[EN CONSTRUCCIÓN - faltan las fotografías] Disculpad las molestias.

Este blog, que originalmente iba a ser una web, pretende acercar un tipo de arte que, por varias razones, no está tan valorado como lo puede ser la pintura, la escultura vanguardista o la fotografía, y que sin embargo mediante su estudio, se pueden aprender y entender muchísimas cosas sobre la sociedad de una determinada época y ciudad. Se trata del arte funerario, y en este espacio nos centraremos especialmente en el encontrado en los diferentes cementerios de la ciudad de Barcelona.

[Estudio realizado como trabajo de investigación de bachillerato (treball de recerca) en 2004.]

3.9. Collserola.

Es el último cementerio construido en la ciudad de Barcelona, y también es conocido como Cementiri-Nord. Se sitúa dentro del municipio de Montcada i Reixac y alberga difuntos de Barcelona, Montcada y Cerdanyola. A pesar de ser el más actual, desconocemos la fecha de inauguración por falta de fuentes bibliográficas que traten sobre este recinto aunque podemos intuir que no llega a los 30 años de actividad.

Se trata sin duda del cementerio más grande en extensión. En un principio, se tenía previsto que llegase a tener 160.000 sepulturas, pero actualmente solo se llegará a las 80.000 y se dejará el resto de terreno como zona verde.

Es un intento de cementerio mediterráneo con una ordenación ortogonal de tres o cuatro bloques de nichos por sección; generalmente de cinco alturas, con la mitad inferior del bloque cubierto de hiedras de un verde intenso.
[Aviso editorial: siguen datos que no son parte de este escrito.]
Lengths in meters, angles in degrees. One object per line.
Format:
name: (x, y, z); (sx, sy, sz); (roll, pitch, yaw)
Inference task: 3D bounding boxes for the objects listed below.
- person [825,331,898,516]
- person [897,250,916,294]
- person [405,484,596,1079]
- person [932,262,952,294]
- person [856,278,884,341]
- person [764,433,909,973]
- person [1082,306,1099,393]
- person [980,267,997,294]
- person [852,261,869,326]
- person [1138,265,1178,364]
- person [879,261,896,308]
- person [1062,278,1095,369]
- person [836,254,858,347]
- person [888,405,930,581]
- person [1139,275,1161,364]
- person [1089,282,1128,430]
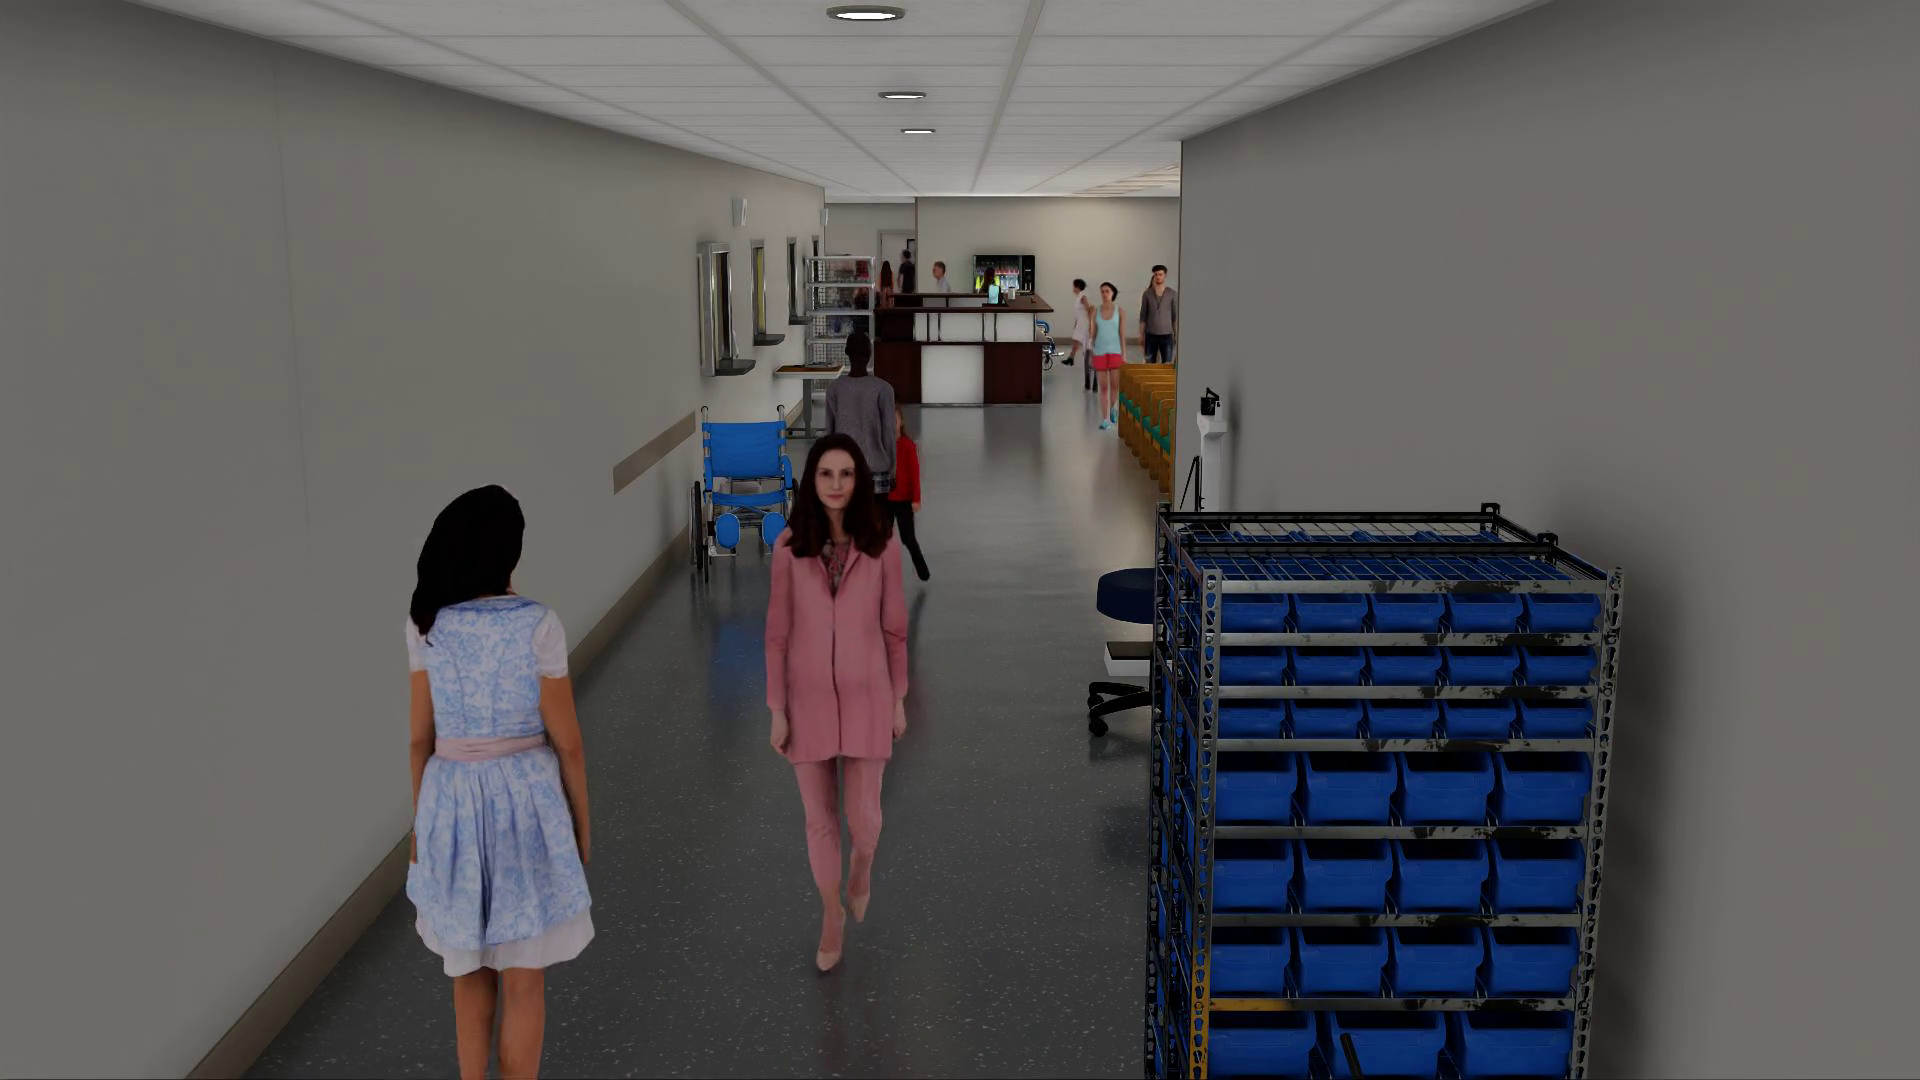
person: (-0.633, -0.455, 10.699); (0.527, 1.772, 0.705); (2, 11, 9)
person: (-1.204, -5.824, 38.836); (1.100, 1.829, 0.952); (4, 12, 22)
person: (-1.165, 0.787, 4.079); (0.714, 1.798, 0.736); (0, 11, 2)
person: (-0.206, -3.864, 28.597); (1.148, 1.796, 0.789); (-2, 11, -10)
person: (-1.443, -3.215, 25.744); (1.067, 1.585, 0.901); (-4, 11, -19)
person: (-0.393, 0.524, 5.507); (0.651, 1.784, 0.682); (1, 11, 5)
person: (1.949, -2.756, 24.219); (0.826, 1.251, 0.560); (0, 11, 3)
person: (0.385, -3.935, 29.236); (0.852, 1.697, 0.749); (-3, 11, -15)
person: (-1.822, -4.363, 31.157); (0.626, 1.822, 0.659); (4, 11, 18)
person: (2.704, -2.769, 22.539); (0.592, 1.903, 0.811); (3, 11, 14)
person: (-1.821, -6.173, 41.392); (0.486, 1.562, 0.633); (-1, 11, -6)
person: (2.186, -3.662, 28.308); (0.892, 1.508, 0.608); (-1, 11, -5)
person: (-2.301, -4.769, 33.314); (1.223, 1.816, 1.248); (-9, 14, -40)
person: (-0.421, -0.283, 11.157); (0.738, 1.262, 0.667); (2, 11, 10)
person: (3.175, -3.525, 27.307); (0.932, 1.610, 0.722); (-1, 11, -3)
person: (1.788, -2.199, 19.941); (0.718, 1.753, 0.753); (3, 11, 15)

A pesar del estilo pseudo-mediterráneo, el primer proyecto se parecía más al de Montjuïc, pero no se pudo realizar a causa del tipo de tierra del terreno.

Contiene muchas plazas de descongestión, que le dan un aspecto mucho más amplio todavía, y la separación entre secciones es muy grande. Ya de por sí el acceso al cementerio está muy limitado. Un solo autobús recorre una sinuosa y zigzagueante carretera entre una montaña medio desolada y cuando llegas al destino, si no se tiene transporte propio prácticamente es imposible ver el recinto entero. Y lo que destaca más, no son sus tumbas, pues no hay ninguna interesante, sino sus zonas. Son muy diversas. Girando por una curva interior de la necrópolis, encontramos un cementerio americano de gran extensión. Éste se caracteriza por las tumbas directamente situadas en el suelo, con una pequeña lápida cuadrada y una pequeña jardinera con flores o arbustos bajos. Se encuentra rodeado de cipreses y la tierra se encuentra cubierta de césped bien cuidado. Otra zona que nos llamó la atención fue la existencia de una gran extensión de terreno, también con césped, destinado a columbarios cinerarios (que también los encontramos en Montjuïc aunque en una extensión mucho más reducida); éstos ya de tamaño grande y en multitud por la gran cantidad de personas que optan por la incineración, y también campos de urnas, para enterrarlas. En los otros cementerios se encontraban en muy pequeñas cantidades, si los había.

Y sobretodo, una cosa inesperada en un cementerio cristiano; a pesar de la existencia compartida de los recintos hebreos, es encontrar uno islámico dentro del propio cristiano. Se trata de un lugar pequeño, con pocas tumbas, sin decorar, y con inscripciones coránicas en español, francés y árabe. Las lápidas son negras y grises, y rodeadas de arbustos bajos. El recinto hebreo se halla fuera del cristiano, y está prohibida la entrada. Vimos en el cartel de señalización, diversos insultos y cruces gamadas, que pueden ser el motivo por el cual tampoco esté abierto al público.
También existe un recinto oriental, pero desconocemos cómo es.

El resto del cementerio se compone de grandes bloques de nichos dispuestos en todas las zonas posibles, de amplias carreteras, alguna zona con panteones muy poco decorados y una zona que destaca por su pobreza. Suelo de barro y pequeñas cruces o flores tiradas con algún trozo de cerámica con un nombre escrito a mano.

Lo último a destacar de Collserola, es que se trata del primer cementerio a tener un incinerador propio.